We have been battling fleas in my house and it turns out she is very sensitive to flea bites. As a result of serious grooming and lots of scratching over the summer, she really has a thin coat.

I am hoping to get some guidance on how to help her regain a healthy coat.


----------



## B and G Mom (Oct 29, 2014)

She is lovely! I don't have any suggestions, but hope to see what others say as I'm in a similar boat. Our new boy from Turkey is a mess - terrible shave job and bad nutrition. 

How old is she?


----------



## AmberSunrise (Apr 1, 2009)

I use ground flaxseed (worked up to tablespoon) and coconut oil (also about a tablespoon)
I feed raw with plenty of pureed veggies as well.

My boys all have great coats, while my girl's coat takes awhile to recover from puppies (now retired but her coat is coming back nicely).

FWIW my dogs also get yogurt (probiotics) daily - many dogs get eggs regularly for their coats.


----------



## coffenut (Jan 3, 2012)

Thank you! Will try those. Alas, I have the one golden in the world that has no interest in food (note ... I can leave my dinner on the floor, leave the room and she won't touch it) and will not even think about eating vegetables. I will, however, give the aforementioned a shot. I know she will eat eggs (when she wants to) but I will give the rest a shot too!


----------



## coffenut (Jan 3, 2012)

B and G Mom said:


> She is lovely! I don't have any suggestions, but hope to see what others say as I'm in a similar boat. Our new boy from Turkey is a mess - terrible shave job and bad nutrition.
> 
> How old is she?


She is 4.5 years old which is what makes the puppy fur on her legs so funny.

You got a Turkey dog ... wait ... that didn't sound right .... 

In any case, how did that happen?


----------



## B and G Mom (Oct 29, 2014)

I'm going to try some of those as well!

Let me know how they work out for your girl, I know I have an uphill battle with our new boy's coat. Yes, he's a "Turkey dog" (that is what they call them)! A Golden from Turkey! I read about the Turkish Goldens in crisis and then found a thread about it - 3 weeks from filling out the adoption paperwork with Golden Retriever Rescue Inc - NJ we have a Turkish Golden in our pack! 

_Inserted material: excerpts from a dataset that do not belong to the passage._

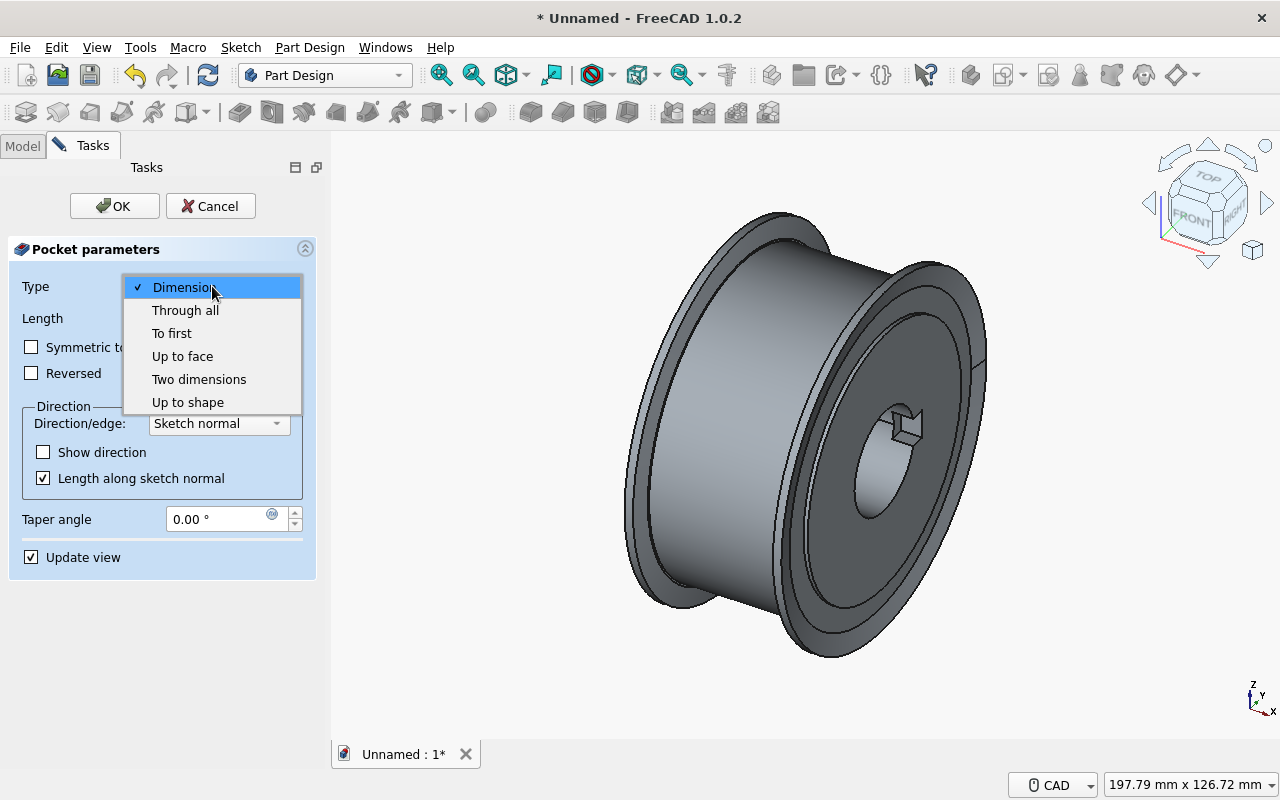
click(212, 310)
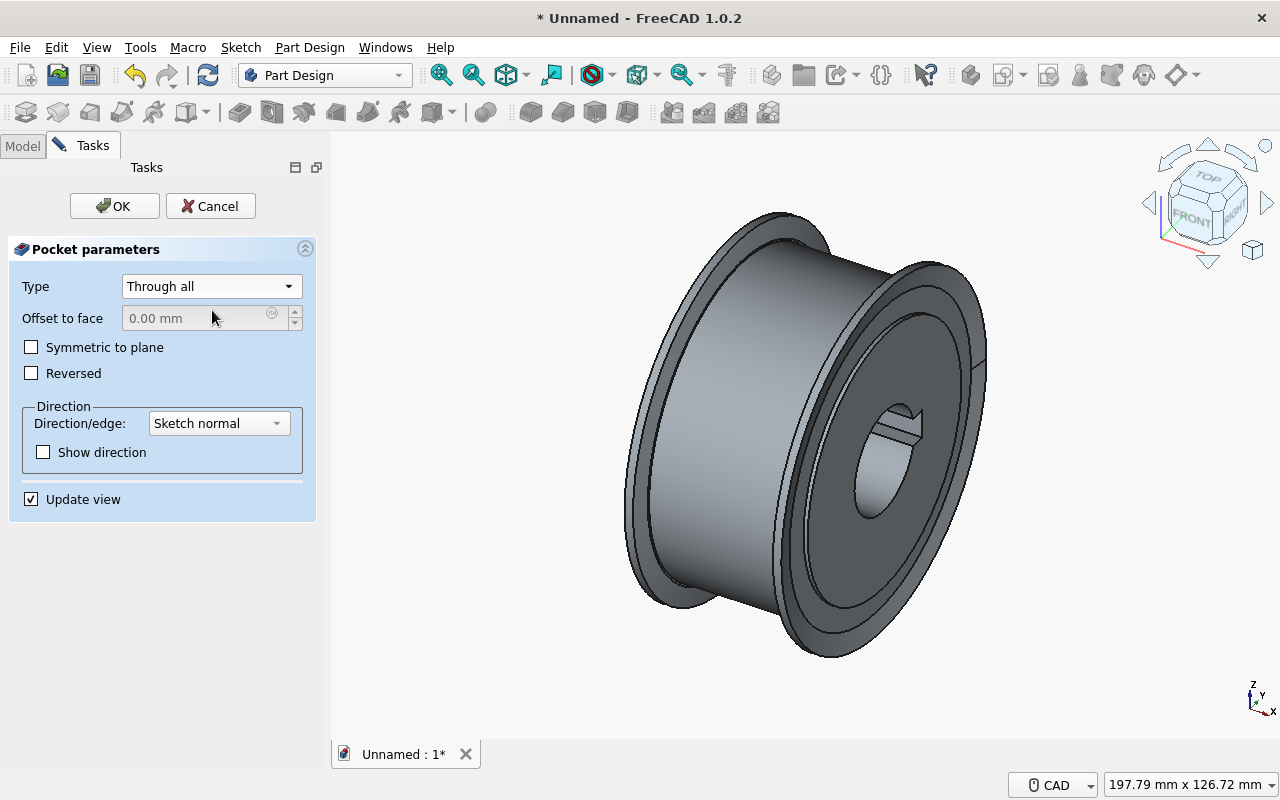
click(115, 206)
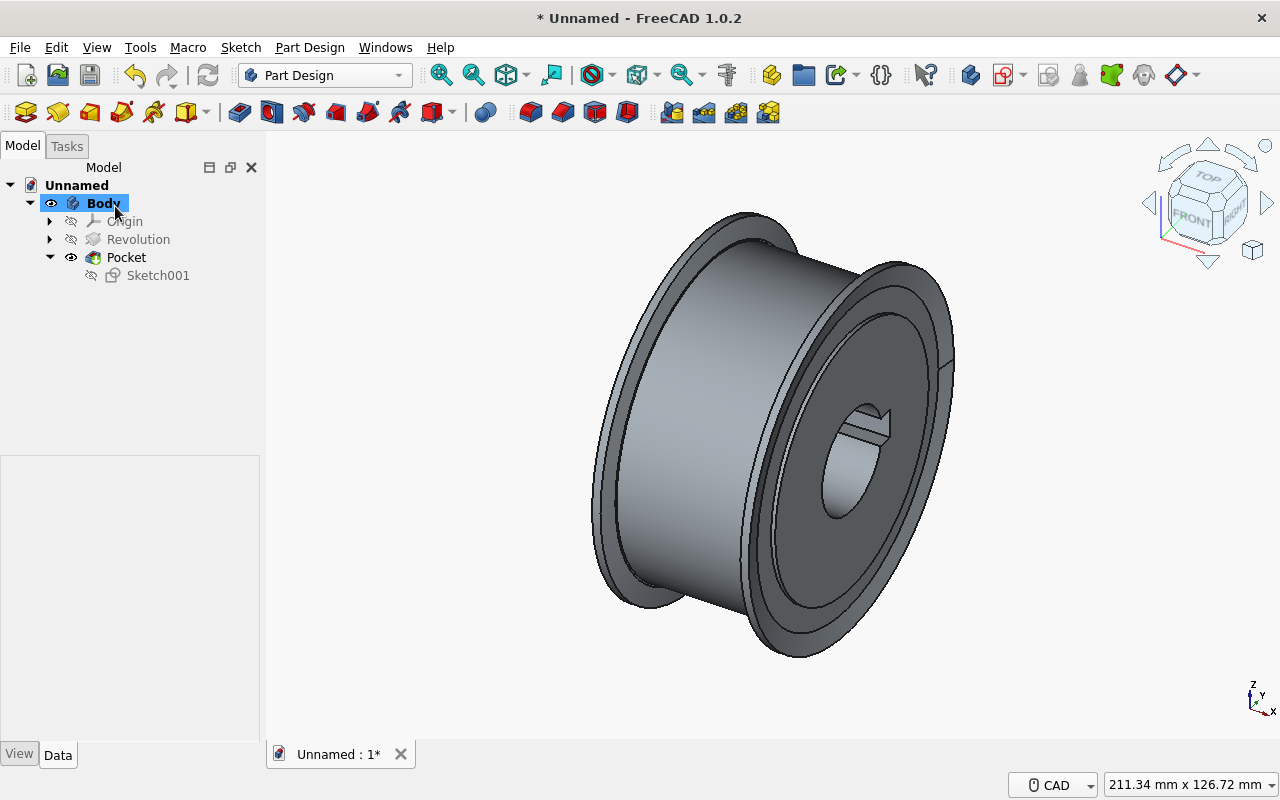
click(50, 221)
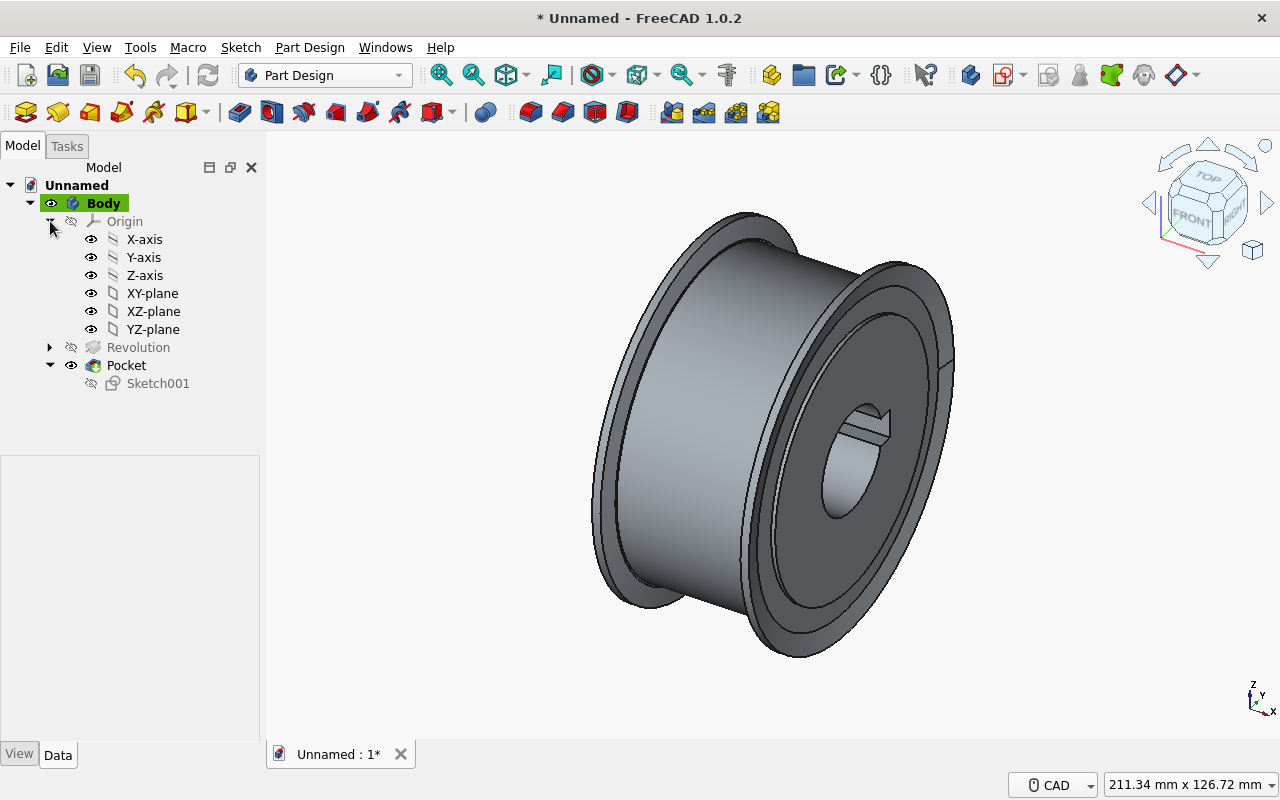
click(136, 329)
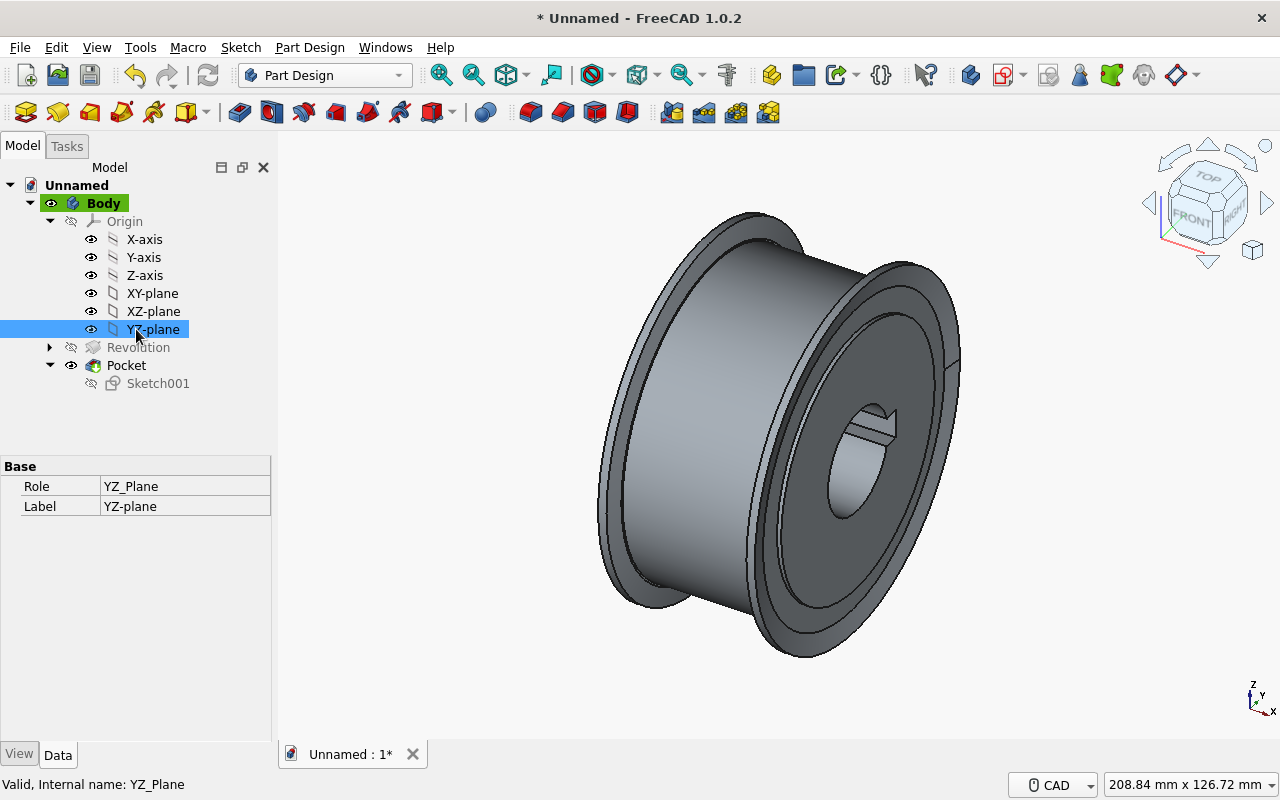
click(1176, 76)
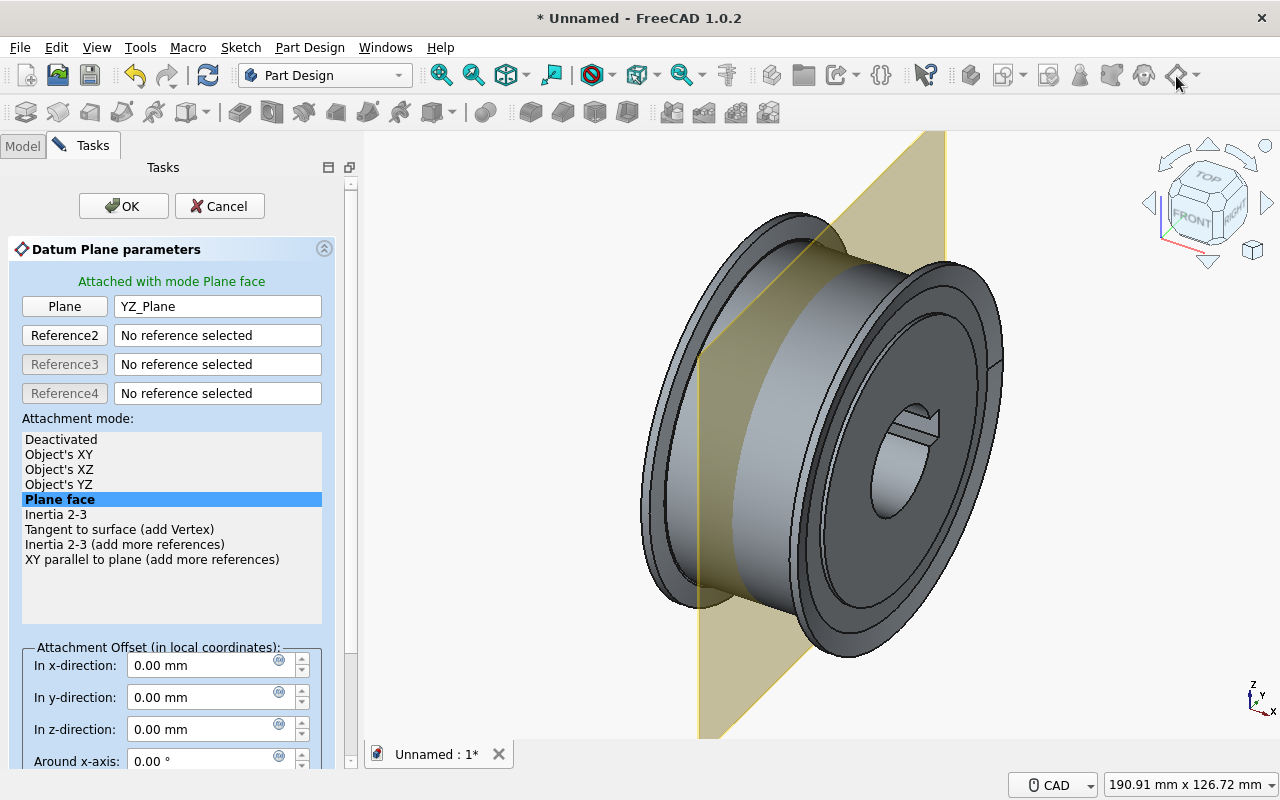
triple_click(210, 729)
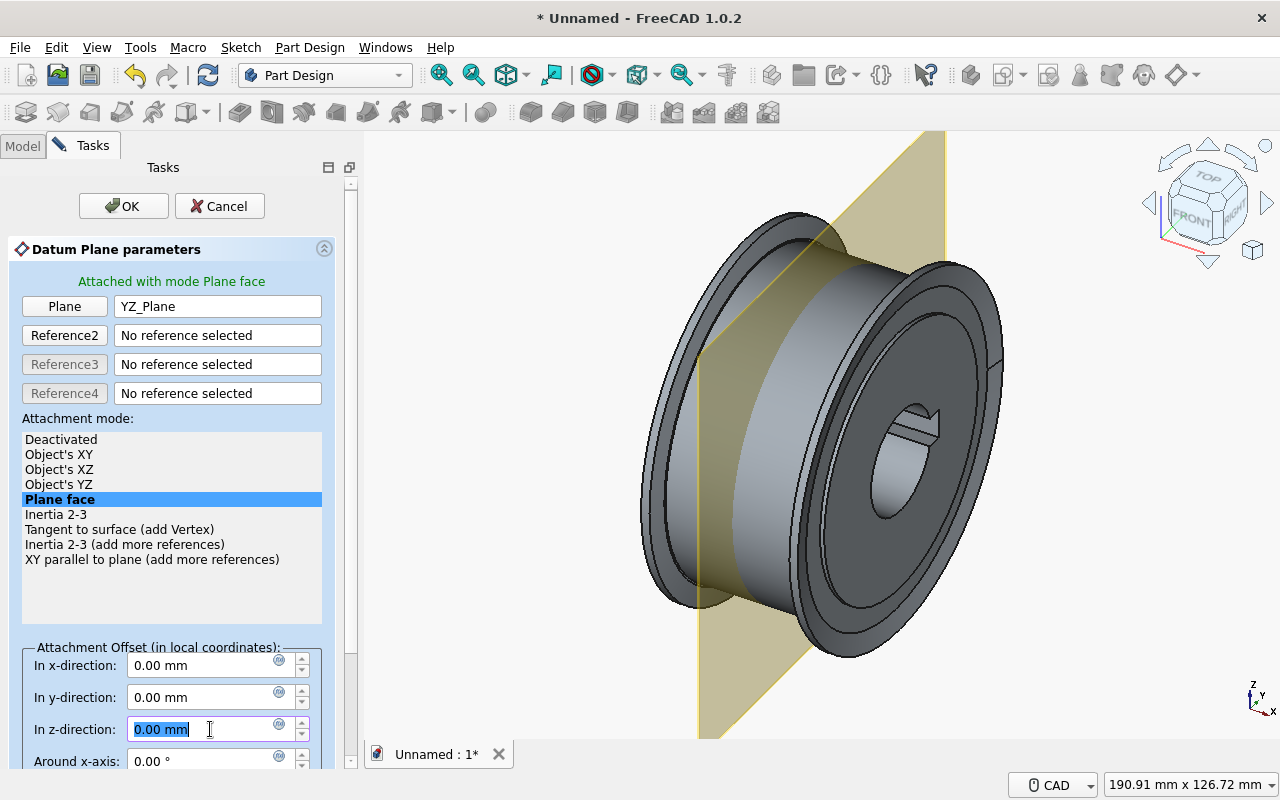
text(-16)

If you want to read more about him: 
http://www.goldenretrieverforum.com...457-treat-turkey-introducing-fitzpatrick.html


----------



## Piper_the_goldenpuppy (Aug 26, 2016)

I give Piper salmon oil and her coat has always stayed nice and shiny. I'm thinking about switching to coconut oil, because she gets salmon oil in her dog food, and her breath starts to smell really fishy after the oil she gets in the morning. She loves it though. 

I had a few thoughts about Káva...has she had her thyroid checked? Sometimes a retained puppy coat or a wonky coat in general can be an indication of hypothyroidism. It can also be an indication of growth hormone deficiency (pituitary gland failure). It might be worth discussing with her vet. Or, is there a chance she's got a food insensitivity? Sometimes an undercoat with a very thinned out overcoat can look like bits or retained puppy coat.


----------